The book depicts the day-to-day life of women political prisoners, their sleeping, eating and washing arrangements, the difficulty of privacy and of maintaining a sense of identity. It also offers an informal study of the psychological effect of prison on a female population, with observations on and conversations between a core of women I was in close contact with. As such it is not only about my struggle to survive these difficult years but an account of women’s experience in prison, a subject that has not been much written about.

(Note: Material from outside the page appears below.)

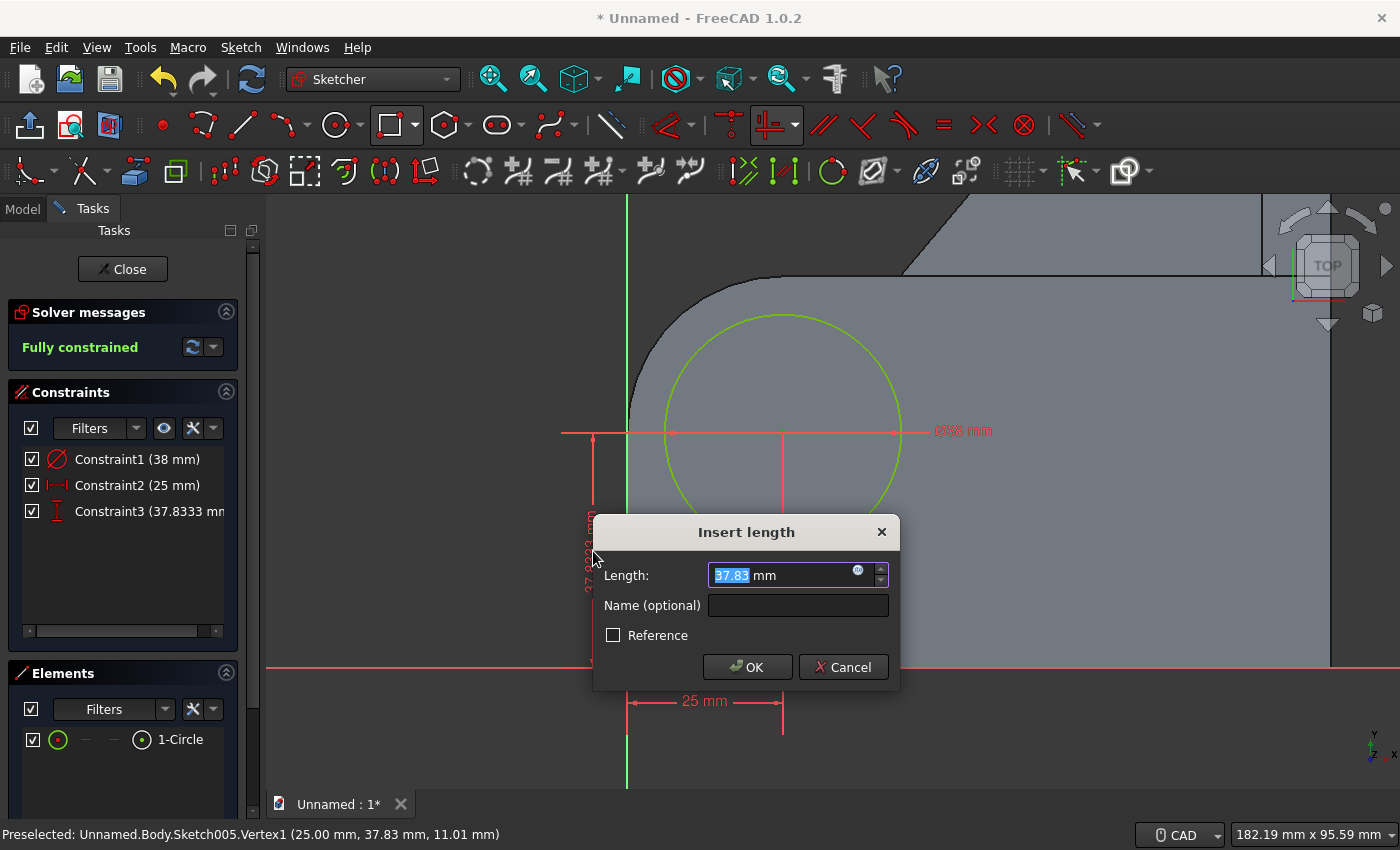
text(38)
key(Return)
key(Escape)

The book closes with a brief account of my life in Iran after my release and the difficulty of picking up the threads of normal life again. I describe how, after my arrival in this country with my story still locked inside me, I continued to suffer from nightmares. These are gradually eased as I begin to release my story in the context of psychotherapy and testimonial writing at the Medical Foundation for the Care of Victims of Torture. Telling and then writing my story and remaining politically active in defiance of what was inflicted on me has been of enormous importance in reconstructing and making sense of my life.